In the light of this key objective within the scheme itself, the parties were obliged to agree that:
“clause 4 of the Scheme should be modified to provide that any claimant wishing to make a claim under the Scheme will have to give consent for their name to be provided to such sources of information (including the individual beneficiaries) as the Bank and the Third Party Defendants might consider helpful to allow for evidence to be obtained to respond to the claim. I am satisfied that this adjustment to the Scheme avoids any problem arising from the 1992 Act in the operation of the Scheme and will allow for the possibility of appropriate access in the course of such operation to relevant information held by the individual beneficiaries and others.”
That the learned judge was puzzled by the reference to the Sexual Offences Amendment Act 1992 is hardly surprising. For this Act covers lifelong anonymity as to the publication of complainants’ names in respect of which criminal proceedings for alleged offences have been instituted.
This of course is singularly lacking in respect of the accused.

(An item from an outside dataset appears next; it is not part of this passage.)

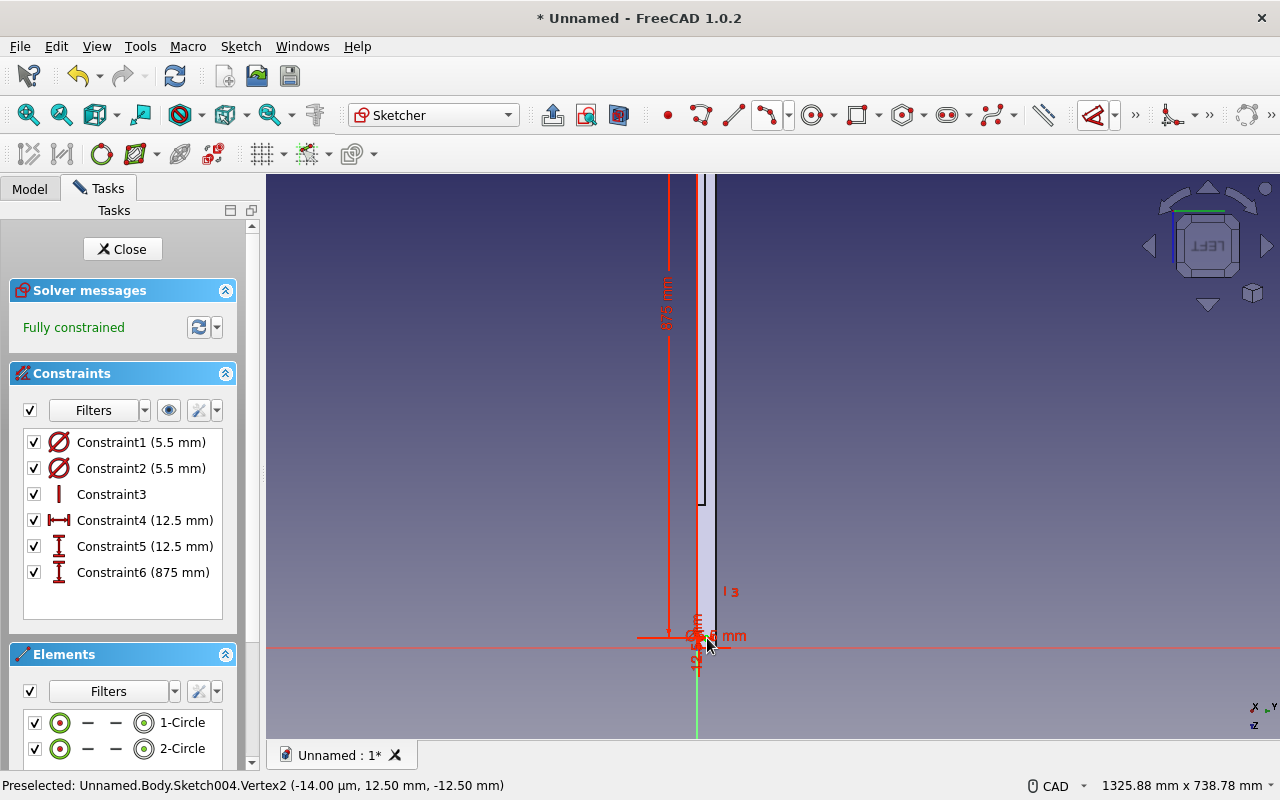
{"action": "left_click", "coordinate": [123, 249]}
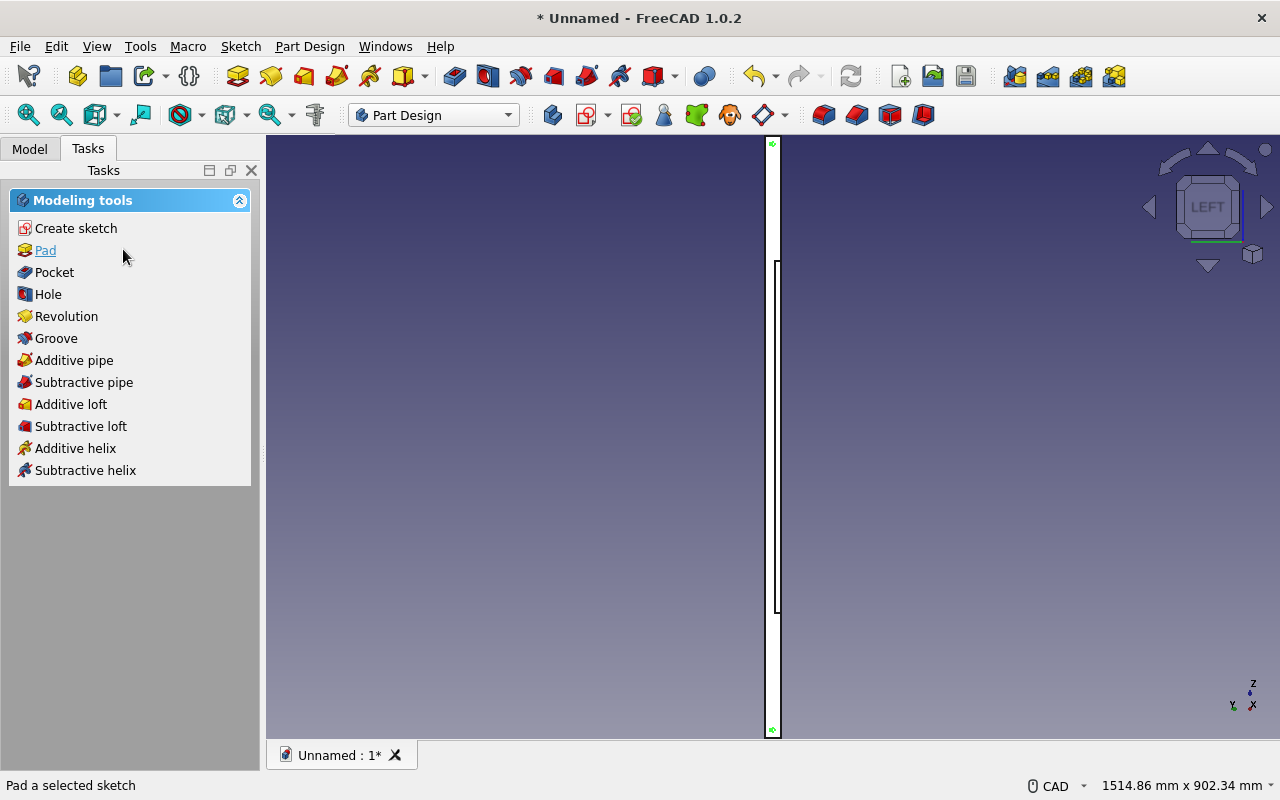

Even so it is usual or names of accusers to be disclosed in relation to the defence of civil claims, including the making of enquiries and sharing information and identities for that purpose, and in the sense that the executors are bound to act in the interests of estate and the beneficiaries, not just claimants (but including them in sifting the good from the bad for the sake of the good) it would be obliged to test the evidence in meaningful way which in turn means that naming and necessity are at one.